In diesem nächsten Schritt fokussierst du dich darauf, deine Aufgaben zu sortieren und nach Priorität zu bewerten. Weniger drängende Aufgaben kannst du ganz ans Ende der Liste stellen, während drängenden Tasks mit hoher Wichtigkeit ein Platz am Listenanfang gebührt – frei nach dem Motto Eat that frog.

Weniger drängende Tasks werden so automatisch vom Listenende auf die To-Do-Listen der folgenden Tage rutschen.

5. Nachkontrollieren

Am Ende des Arbeitstages steht das Nachkontrollieren. Überprüfe inwiefern du deine Aufgaben erledigen konntest. Reichten die von dir geschätzten Arbeitszeiten? Musstest du die Pufferzeiten voll ausschöpfen, oder sogar noch ausdehnen? Falls du deinen Plan nicht umsetzen konntest: Woran scheiterte es letztendlich?

Diese Form der Analyse hilft dir nicht nur dabei zu verstehen, ob die ALPEN Methode für dich funktioniert, sondern trägt auch dazu bei, dass du besser verstehst, wie du arbeitest. So kannst du nach mehreren Tagen eventuell beobachten, dass du täglich um 12:30 ins Schnitzelkoma fällst, dafür aber um 15 Uhr wieder ein wahres Motivationshoch erlebst. Derlei Beobachtungen können dir dabei helfen, deinen Tagesplan auch unter Berücksichtigung deiner persönlichen Leistungskurve zu konzipieren.
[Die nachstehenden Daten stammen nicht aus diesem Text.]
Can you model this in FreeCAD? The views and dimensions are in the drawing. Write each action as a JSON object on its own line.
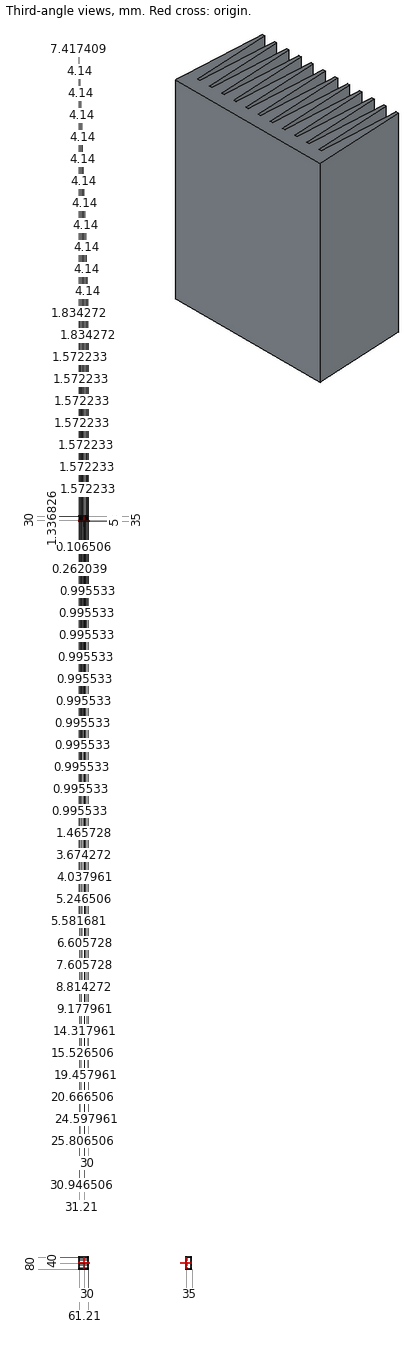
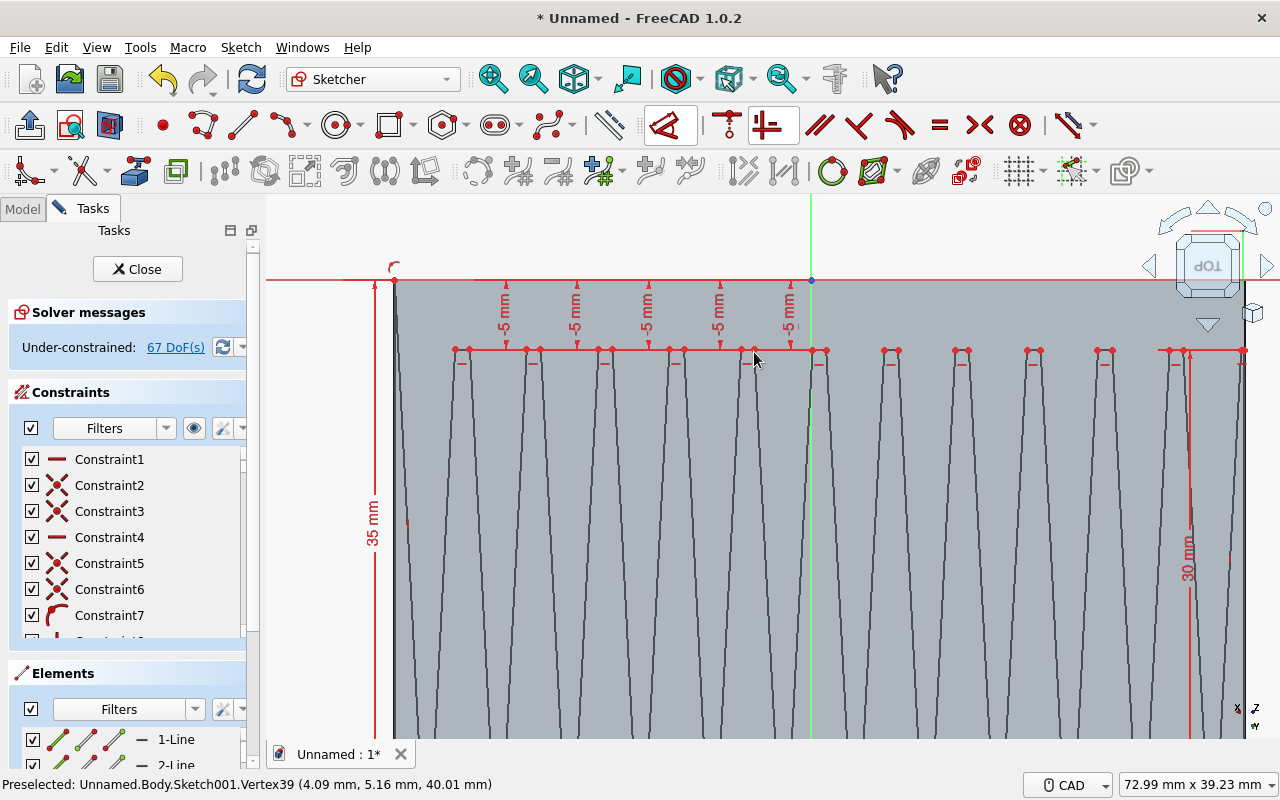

Vielleicht stellst du auch fest, dass bestimmte Teamarbeiten zeitlich immer völlig ausufern. Auch hier hast du die Möglichkeit genauer hinzuschauen, um eventuelle Zeitfresser zu identifizieren.
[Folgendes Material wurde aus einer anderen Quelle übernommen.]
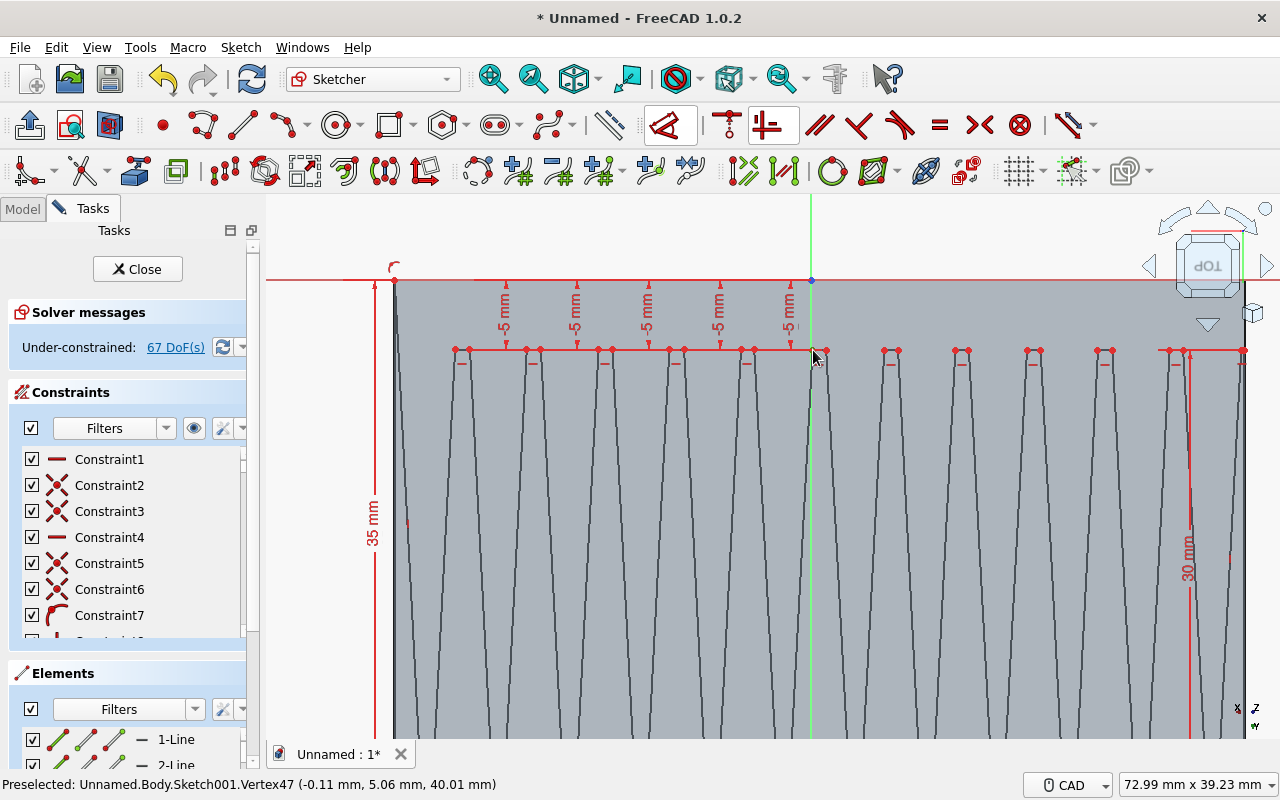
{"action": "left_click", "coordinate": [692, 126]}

Schritt für Schritt kannst du so deinen Arbeitsalltag optimieren um zu mehr Produktivität zu gelangen.

Die Vorteile der ALPEN Methode

Es gibt einige Gründe, warum sich die ALPEN Methode so großer Beliebtheit erfreut. Neben der unkomplizierten Anwendbarkeit bietet die ALPEN Methode auch eine hohe Flexibilität, ohne dabei an Struktur zu missen.


1. Verschriftlichung als erster Schritt

Nicht umsonst erfreuen sich To-Do-Listen so großer Beliebtheit: Neben der Freude des Abhakens, bieten sie auch einen Überblick über unsere Aufgaben und helfen uns dabei nichts zu vergessen.
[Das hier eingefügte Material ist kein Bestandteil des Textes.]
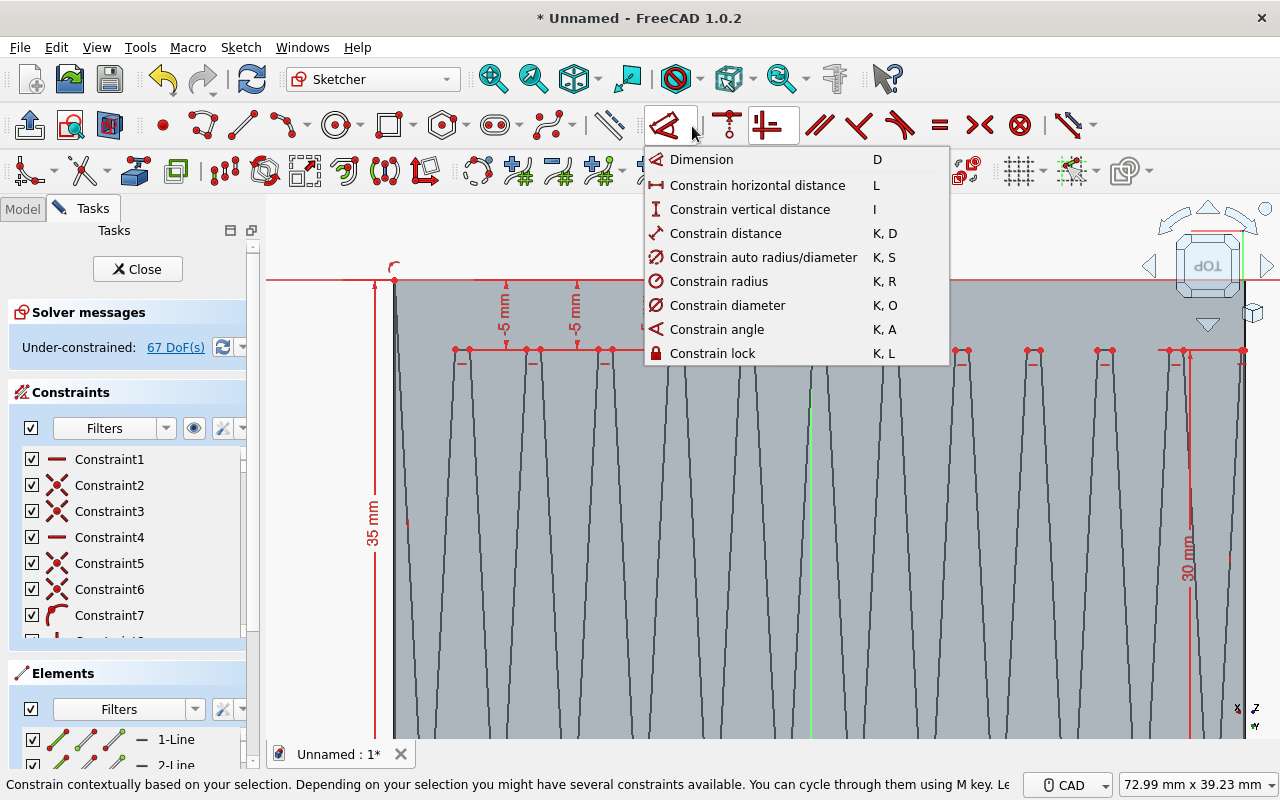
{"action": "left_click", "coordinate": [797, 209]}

2. Zeitrahmen als Mini-Deadlines

Das wirksamste Mittel gegen Prokrastination? Deadlines! Durch die zeitliche Eingrenzung der Aufgaben können wir uns selber dazu anhalten, wirklich bei der Sache und damit am Ball zu bleiben.


3. Raum für Realismus

Anders als viele andere Produktivitäts- und Zeitmanagement-Methoden berücksichtigt die ALPEN Methode mit ihren großzügigen Pufferzeiten die Realität im Arbeitsalltag und bleibt damit sehr flexibel.

Gib dir ruhig ein bis zwei Wochen Zeit, um die ALPEN-Methode auszuprobieren und herauszufinden, ob sie etwas für dich ist. Selbstverständlich musst du sie auch nicht ganz für dich übernehmen. Es steht dir frei beliebige Elemente herauszupicken und in deine persönliche Zeitmanagementmethode zu integrieren. Es gilt: Whatever works!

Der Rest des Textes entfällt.